Ты медведюшка мой батюшка,
Ты не тронь мою коровушку,
Ты не тронь мою коровушку,
Не губи мою головушку… —
 
   поддразнивая, стала напевать Веселка, приплясывая на снегу. При этом она лукаво поглядывала на Беляя, но мыслями была опять в прошедшей ночи – когда играли в «медведя». Рослый «медведь», одетый в настоящую косматую шкуру, с жутким ревом бегал по пустырю, где сходились Велесова улица и Кузнечный конец, ловя визжащих девушек. Сверкали на снегу отблески костра, бревна тынов в темноте казались дремучим лесом; орали стоящие кругом парни, гремели трещотками, и было жутко, как будто все взаправду. Веселке было жарко, точно праздничный огонь горел внутри нее, она бегала со всеми и визжала не только от веселья, но и от ужаса перед древним обрядом жертвоприношения…
   И сейчас еще захватывало дух, когда вспоминалось, как «медведь» поймал ее, как она рвалась изо всех сил, но не могла вырваться из его цепких и крепких, как железо, косматых лап… Как он оторвал ее от земли и она била ногами в воздухе, визжа до хрипоты; как он бросил ее в сугроб и навалился на нее так, что она и вправду испугалась, что задавит. В лицо ей сыпалась холодная снежная пыль, а потом «медведь» откинул с головы звериную личину и стал ее целовать, и от него веяло таким жаром, что сам сугроб, казалось, должен был растопиться. И она уже не понимала, на каком она свете, и будто бы не пустырь на углу был вокруг нее, а Велесово подземелье с огненной рекой, и не Громобой, сын кузнечного старосты Вестима, обнимал ее, а сам древний бог-зверь, ежегодно приходящий за жертвой… Кровь кипела, сердце выскакивало из груди, дух замирал от восторга и ужаса…
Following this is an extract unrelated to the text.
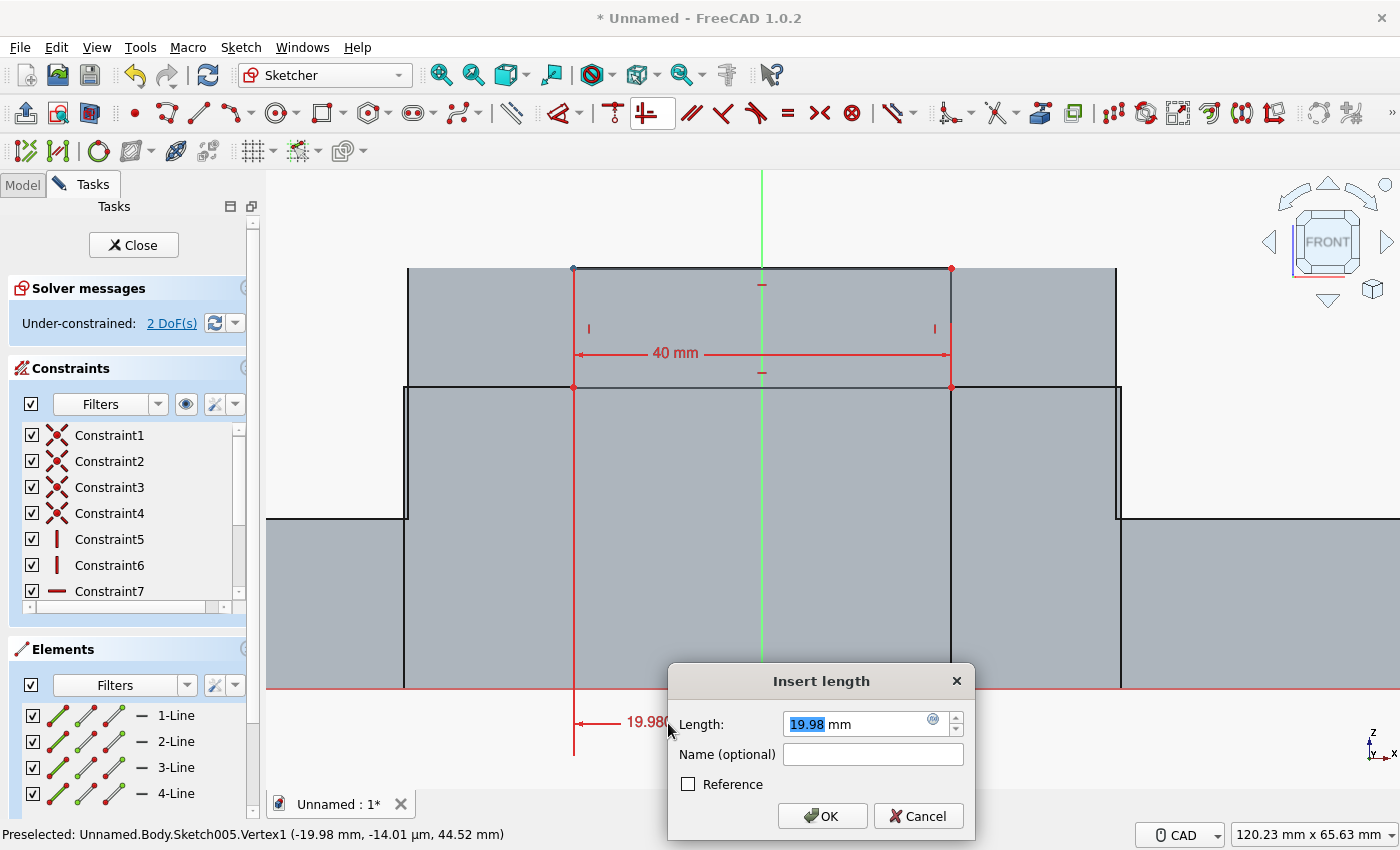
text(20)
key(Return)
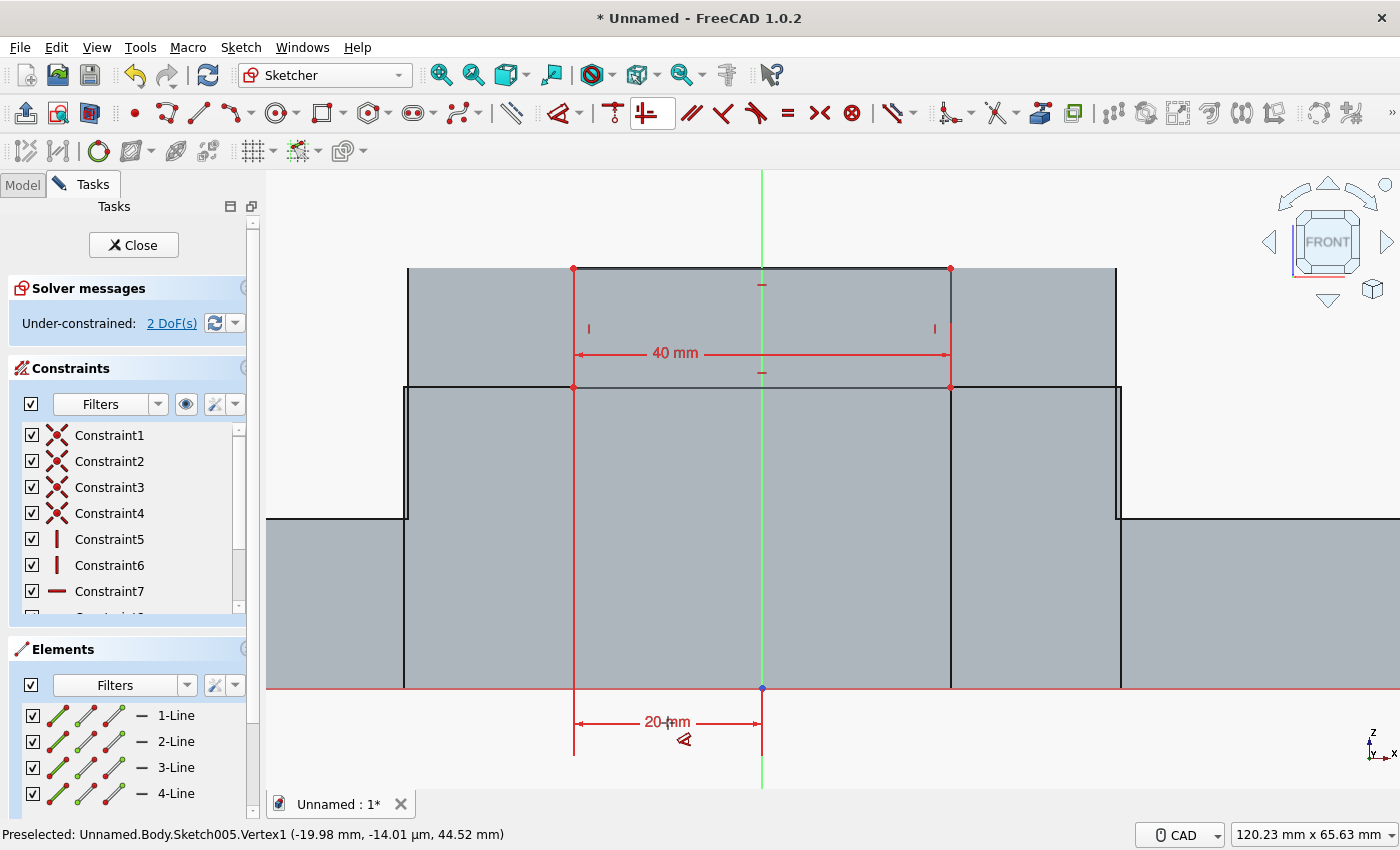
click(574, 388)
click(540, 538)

   Вежливый и скучноватый Беляй был рядом с этими воспоминаниями бледен, как ночной светлячок рядом с солнцем. Да вот беда: богиня Лада заставляет любить, не задумываясь, есть ли надежда на взаимность. Веселка была, конечно, не для Беляя, и не нужен он был ей, когда все прямичевские парни, не исключая и княжеских кметей, так и вились вокруг нее.
   На первый взгляд казалось, что ничего в ней особенного нет, но в Прямичеве Веселка считалась красавицей. Хотя мягким и простым чертам ее лица до настоящей красоты многого не хватало: четкости, глубины. А еще ей не хватало ума. Веселку никто не назвал бы глупой, но она никогда не давала себе труда думать. Жизнь для нее была проста, лежала впереди широкой прямой дорогой, не требующей никаких раздумий. Она редко бросала взгляд дальше сегодняшнего дня: каждый ее день был так же полон и увлекателен, как у иного целая жизнь. Ее белое лицо, почти без румянца, только с легкой розовой тенью на щеках, всегда было открыто и ясно, и при взгляде на него возникало ощущение почти младенческой нежности и чистоты. Ее светло-серые, с голубоватым отливом глаза искрились весельем из-под пушистых, светлых, едва заметных бровей, а губы были яркими, как спелый шиповник. Красива была и коса, светло-русая, гладкая и длинная, с легким золотистым отливом, а на висках и на шее вились мягкие приятные кудряшки.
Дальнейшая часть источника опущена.